Anxiety and Faith (Part 1)

I’ve been contemplating “anxiety” for much of the past few months. I’m a person who craves clarity and control—and I think most Americans do. It’s in our cultural DNA. But I’ve also realized that my personality and life experiences have only intensified that craving. The shadow sides of those traits are like gasoline on the anxiety fire.

And then my wife found out she had cancer. Forget gasoline on the fire—this was like a bomb going off.

This summer, I’ve had weeks of spiraling, chronic anxiety. But something clicked for me recently. Through a series of conversations with Karrie, my friend Joel, and my counselor, I’ve started to study my anxiety. This isn’t a new problem. I’ve been wrestling with it for years.

“Anxiety, most simply described, is our response to threat, whether real or perceived. The response is physiological; it is chemical. It occurs because of brain activity that is outside our awareness; we never even have to think about it. Thankfully, we can respond to threat in the blink of an eye. Our Creator has hardwired this capacity into our brains and bodies. We experience anxiety in two forms: acute and chronic.
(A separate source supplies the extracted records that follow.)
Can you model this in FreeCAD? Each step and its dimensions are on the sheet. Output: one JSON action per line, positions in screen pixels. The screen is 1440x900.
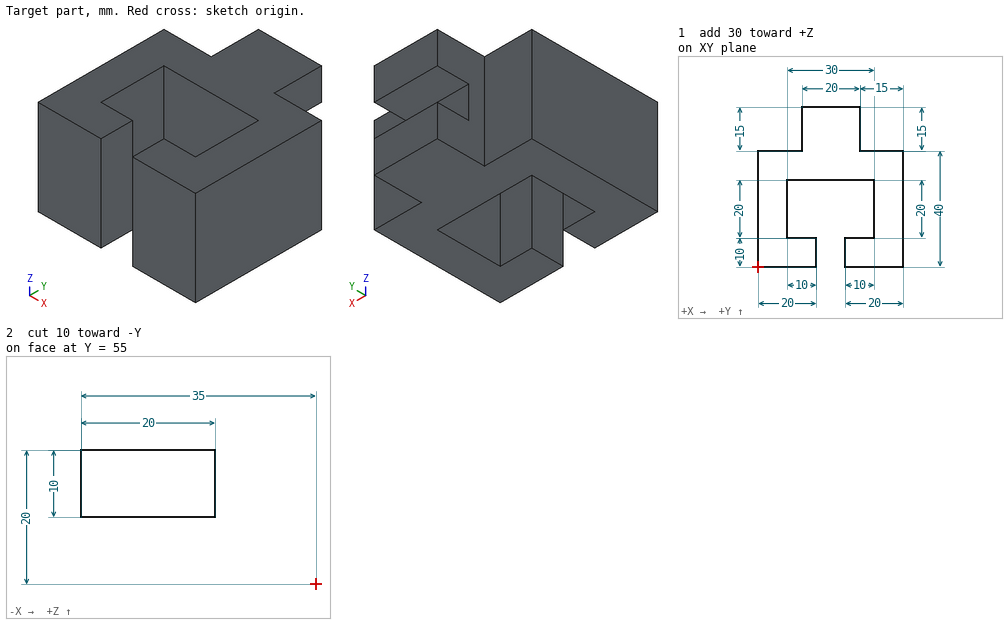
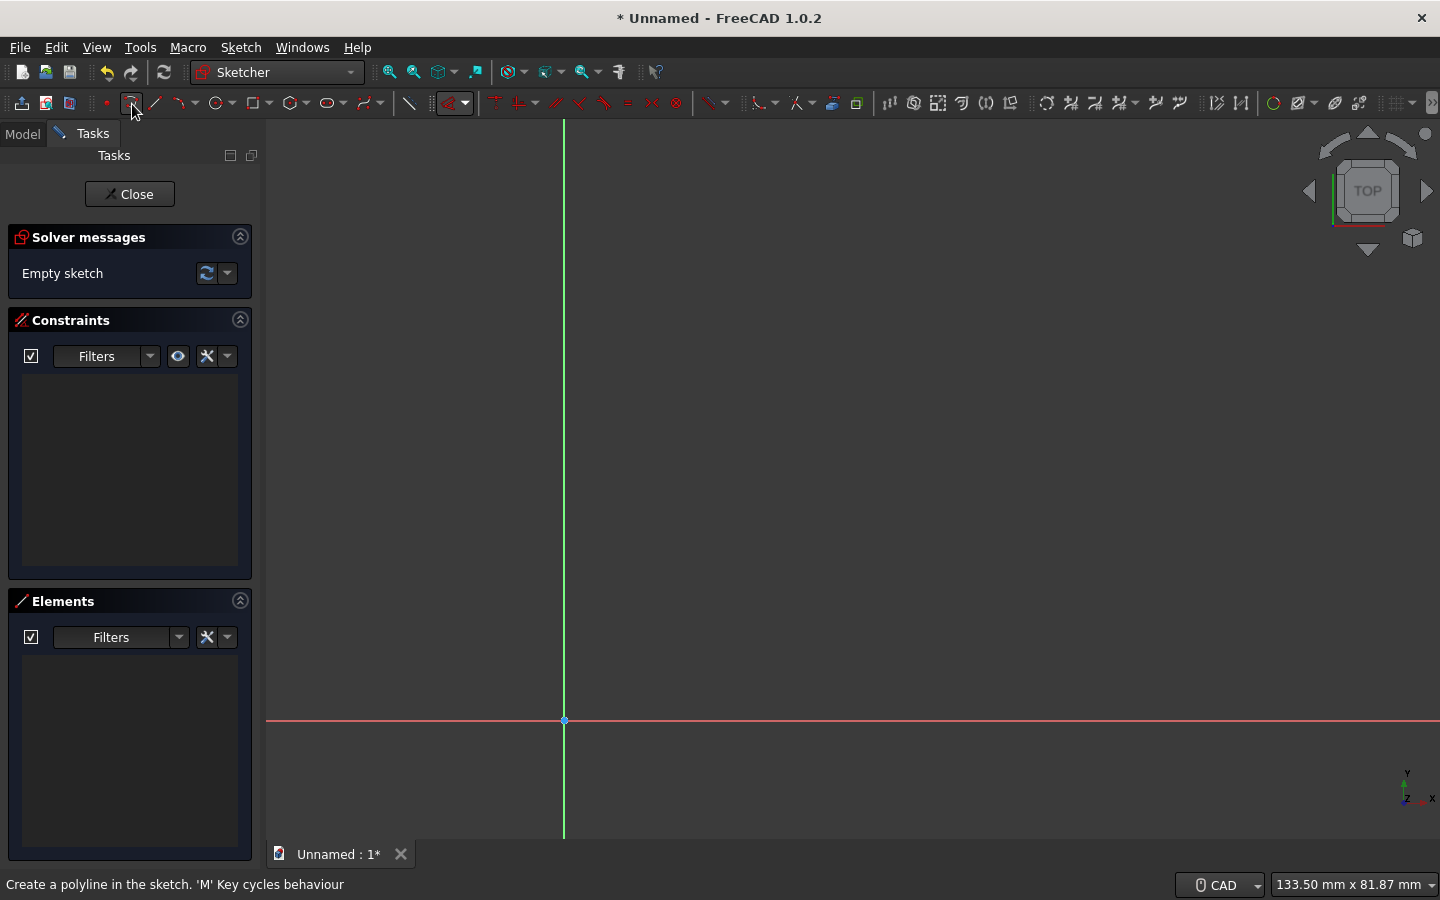
{"action": "left_click", "coordinate": [564, 721]}
{"action": "left_click", "coordinate": [740, 712]}
{"action": "left_click", "coordinate": [740, 633]}
{"action": "left_click", "coordinate": [652, 633]}
{"action": "left_click", "coordinate": [652, 457]}
{"action": "left_click", "coordinate": [916, 457]}
{"action": "left_click", "coordinate": [916, 633]}
{"action": "left_click", "coordinate": [828, 633]}
{"action": "left_click", "coordinate": [828, 721]}
{"action": "left_click", "coordinate": [1004, 712]}
{"action": "left_click", "coordinate": [1004, 369]}
{"action": "left_click", "coordinate": [872, 369]}
{"action": "left_click", "coordinate": [872, 237]}
{"action": "left_click", "coordinate": [696, 237]}
{"action": "left_click", "coordinate": [696, 369]}
{"action": "left_click", "coordinate": [573, 369]}
{"action": "left_click", "coordinate": [564, 721]}
{"action": "key", "text": "Escape"}
{"action": "key", "text": "Escape"}
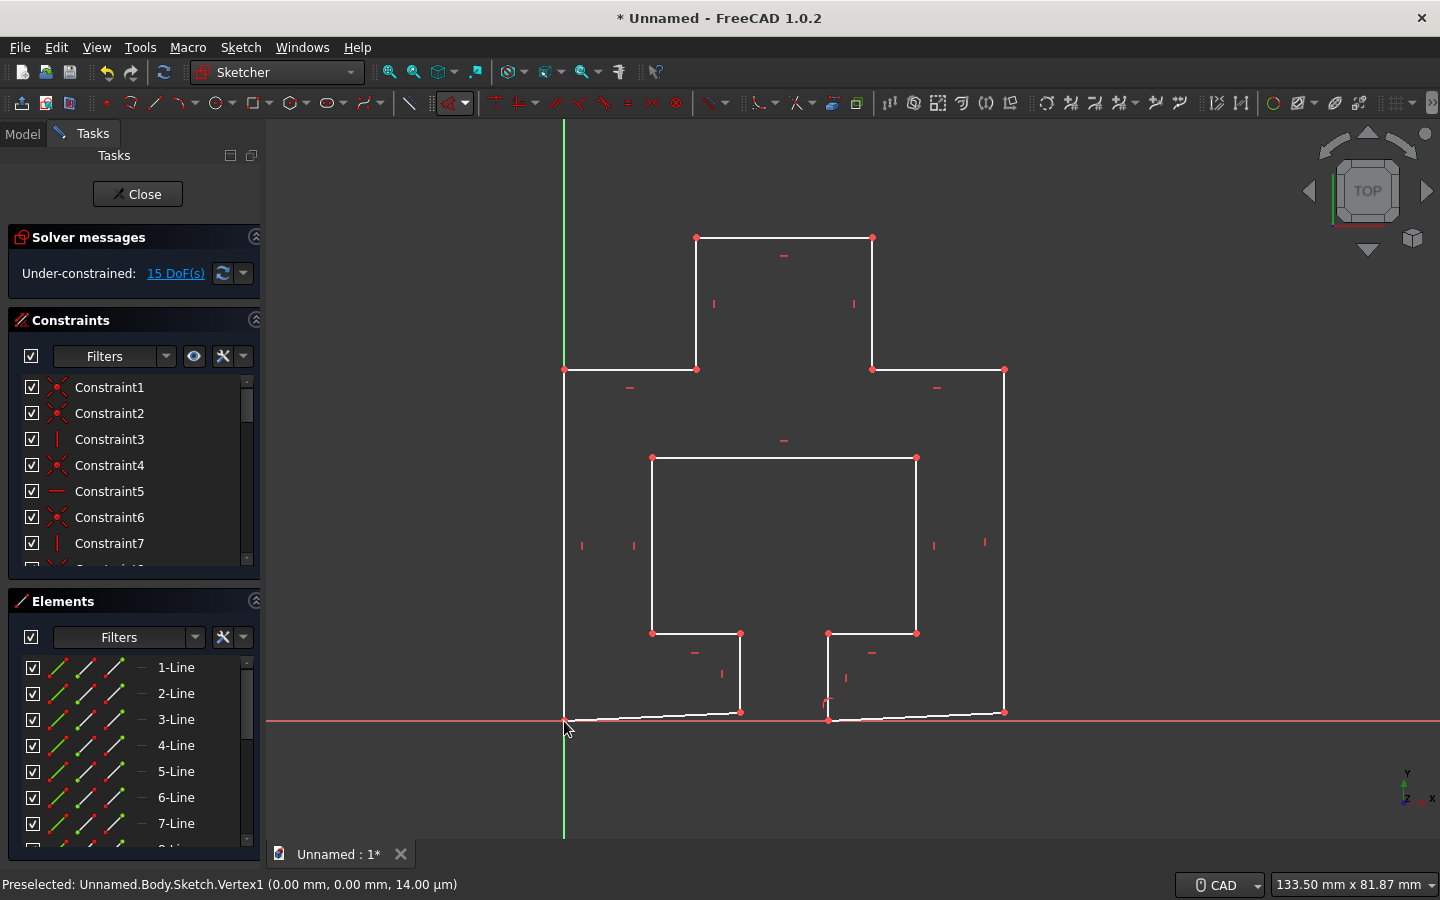
{"action": "left_click", "coordinate": [617, 719]}

Acute anxiety is our reaction to a threat that is real and time-limited. We react to the threat, respond to it, and then eventually return to a normal state of mind and body. At its most basic level, our response to a perceived threat prepares us either to fight for our lives or to run for our lives. In a critical moment when the threat is real, the anxious response can be lifesaving.
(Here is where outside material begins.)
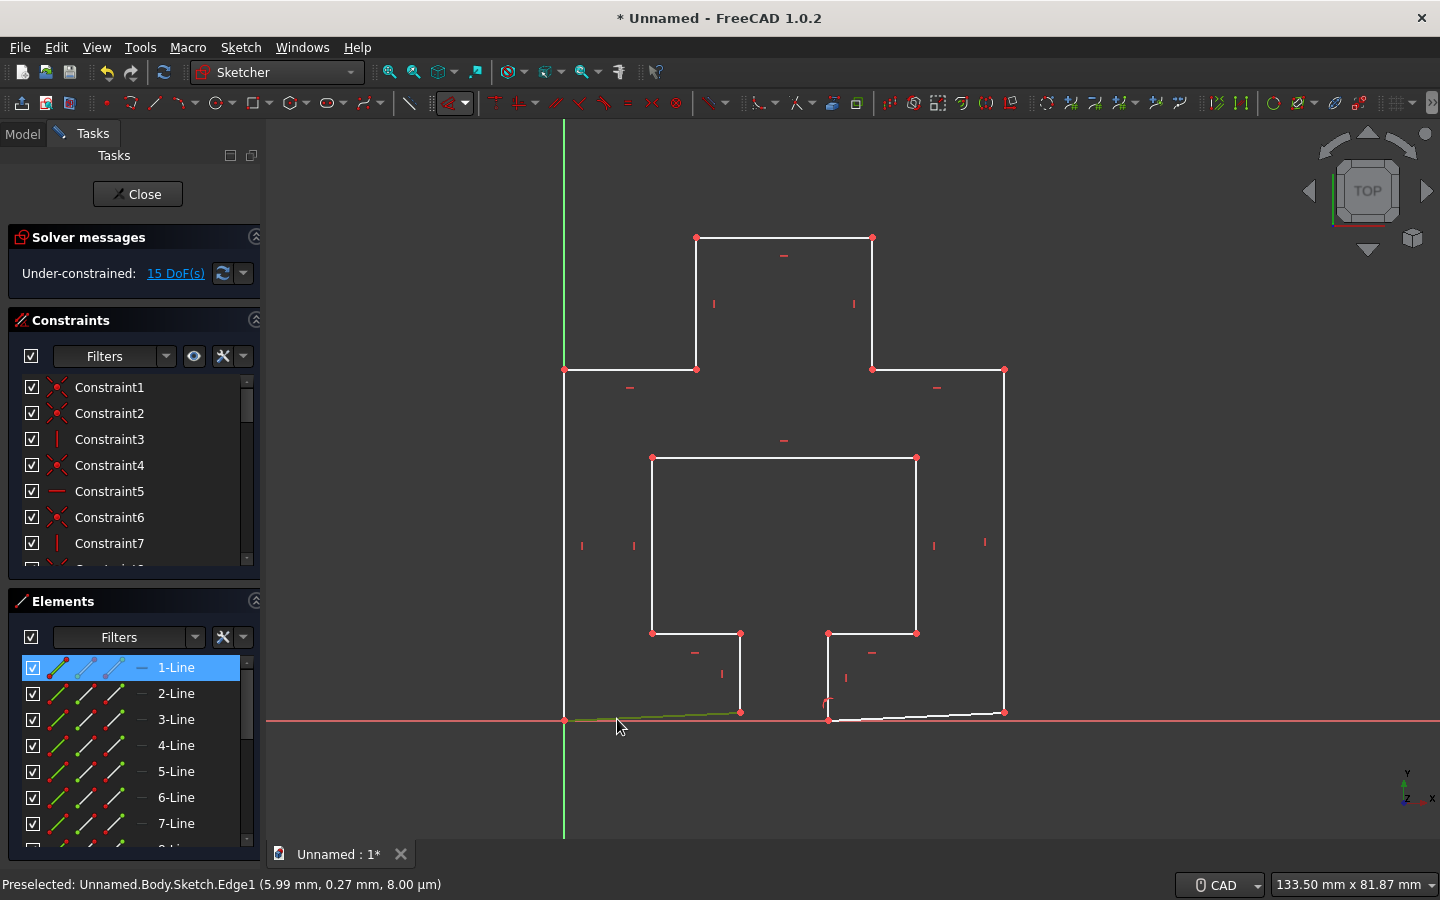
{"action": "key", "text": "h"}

When we are experiencing chronic anxiety, however, we merely imagine or distort the threat. It is not real. Consequently, it is not time-limited either; it does not simply go away.”
—Jim Herrington

I’m learning to pry my anxiety away and place it somewhere. My friend Joel described this process as prying it off, setting it on the floor, and then climbing the stairs to look down on it from a balcony. For some reason, that metaphor clicked with me. Anxiety felt like it was stuck to me like a magnet. I felt instant relief in that moment with him.

Now I need time to investigate my anxiety—to be curious about it. For years, I’ve simply let it control me. For someone who longs for clarity and control, chronic anxiety has clouded my life and held the reins.

As a Christian, I believe my life is not my own, so I want clarity on what it truly looks like to follow Christ. And I want Christ to be King…not Anxiety.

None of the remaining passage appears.